Problem requirements: Omit the pictures and extract only the lines from the line containing "For every layout" to the end of the material, each exactly as written.

Dataset content:
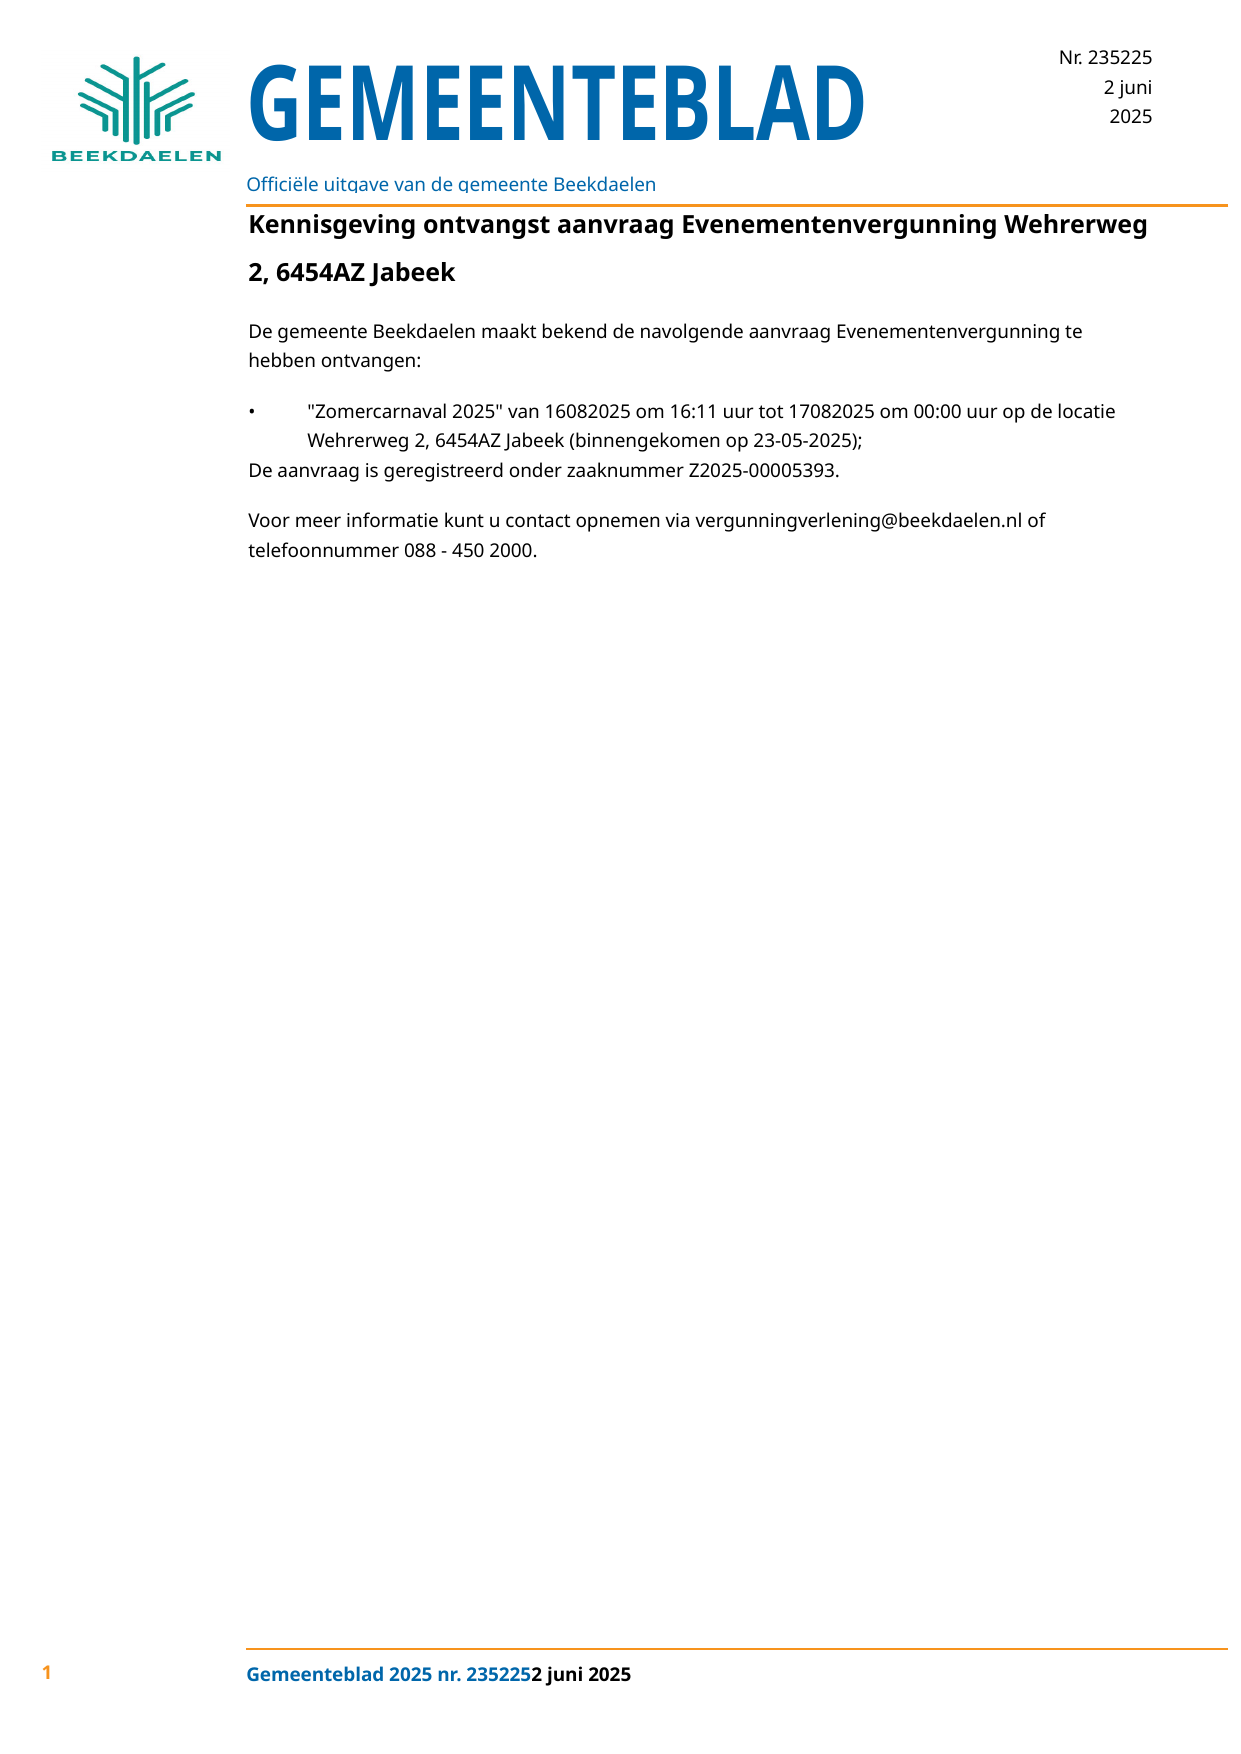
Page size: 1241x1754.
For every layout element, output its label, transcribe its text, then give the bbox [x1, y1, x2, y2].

text De gemeente Beekdaelen maakt bekend de navolgende aanvraag Evenementenvergunning te hebben ontvangen: [248, 318, 1152, 373]
list "Zomercarnaval 2025" van 16082025 om 16:11 uur tot 17082025 om 00:00 uur op de locatie Wehrerweg 2, 6454AZ Jabeek (binnengekomen op 23-05-2025); [248, 398, 1152, 453]
text De aanvraag is geregistreerd onder zaaknummer Z2025-00005393. [248, 457, 1152, 483]
picture [41, 47, 231, 172]
text Voor meer informatie kunt u contact opnemen via vergunningverlening@beekdaelen.nl of telefoonnummer 088 - 450 2000. [248, 507, 1152, 563]
text Kennisgeving ontvangst aanvraag Evenementenvergunning Wehrerweg 2, 6454AZ Jabeek [248, 207, 1152, 288]
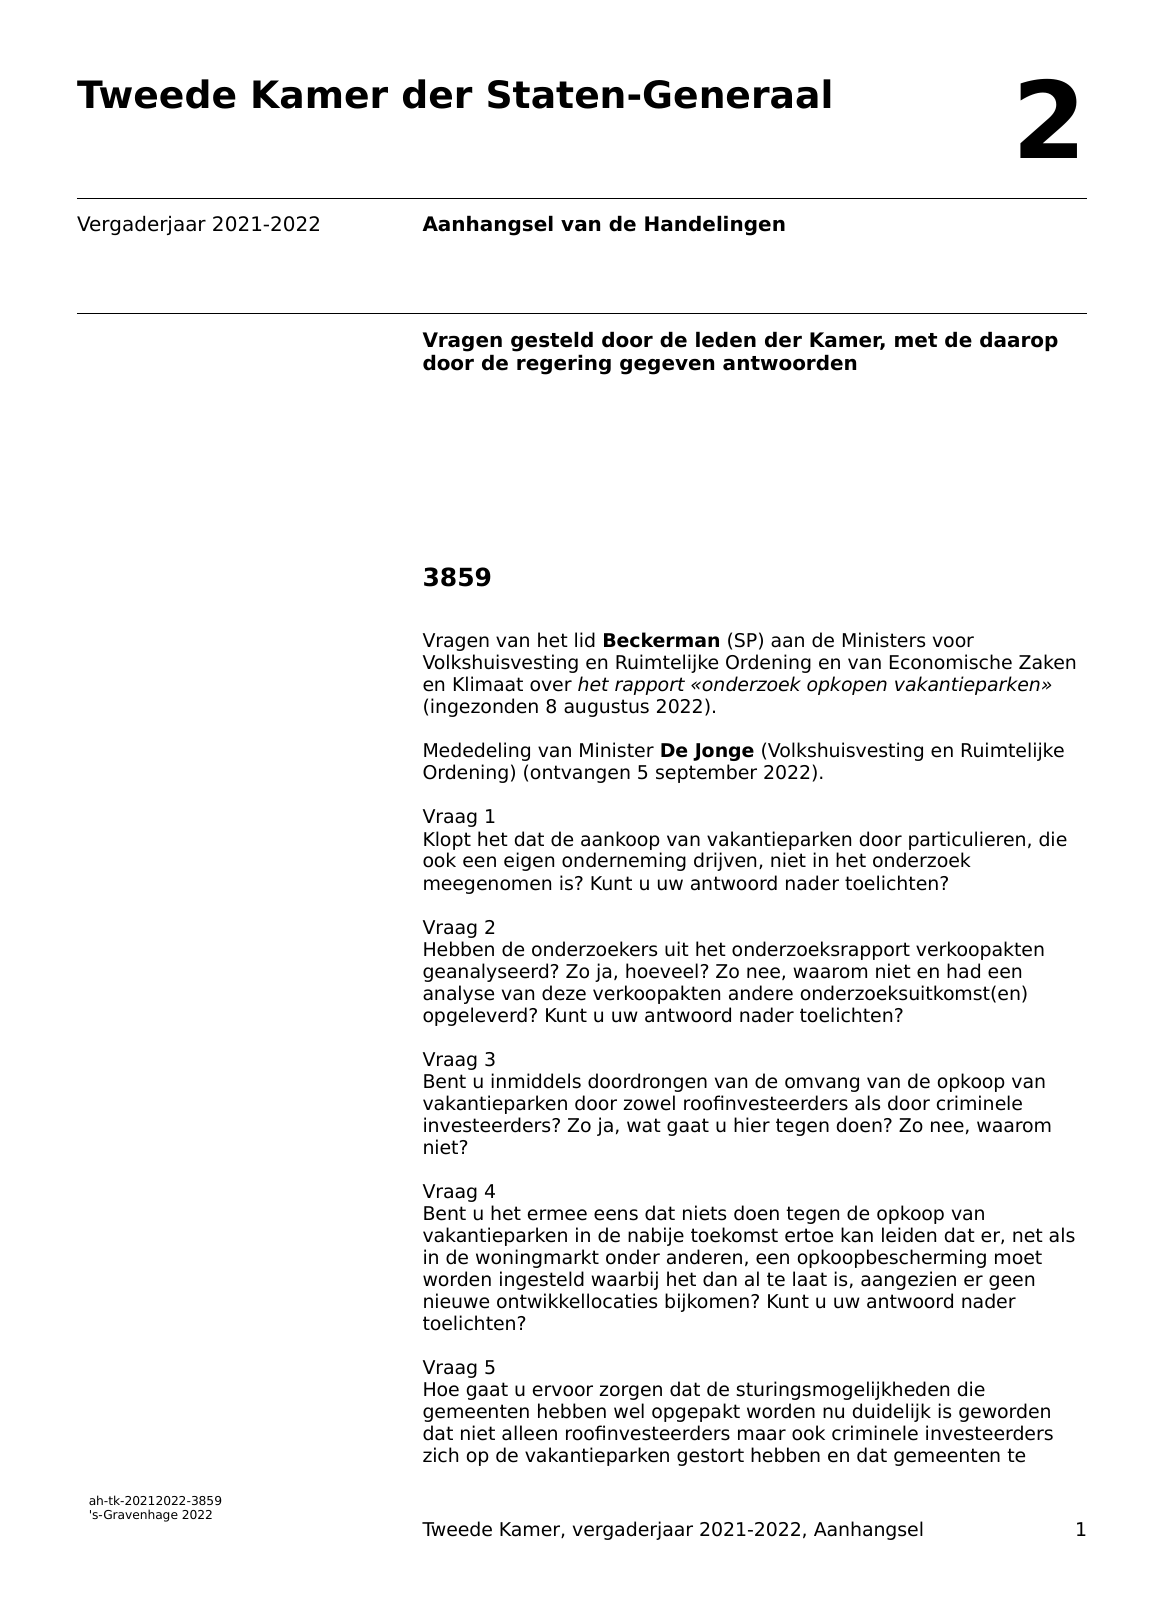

Result:
For every layout element, output its label, transcribe its text, then give the bbox [x1, y1, x2, y2].

text De gemeente Beekdaelen maakt bekend de navolgende aanvraag Evenementenvergunning te hebben ontvangen: [248, 318, 1152, 373]
list "Zomercarnaval 2025" van 16082025 om 16:11 uur tot 17082025 om 00:00 uur op de locatie Wehrerweg 2, 6454AZ Jabeek (binnengekomen op 23-05-2025); [248, 398, 1152, 453]
text De aanvraag is geregistreerd onder zaaknummer Z2025-00005393. [248, 457, 1152, 483]
picture [41, 47, 231, 172]
text Voor meer informatie kunt u contact opnemen via vergunningverlening@beekdaelen.nl of telefoonnummer 088 - 450 2000. [248, 507, 1152, 563]
text Kennisgeving ontvangst aanvraag Evenementenvergunning Wehrerweg 2, 6454AZ Jabeek [248, 207, 1152, 288]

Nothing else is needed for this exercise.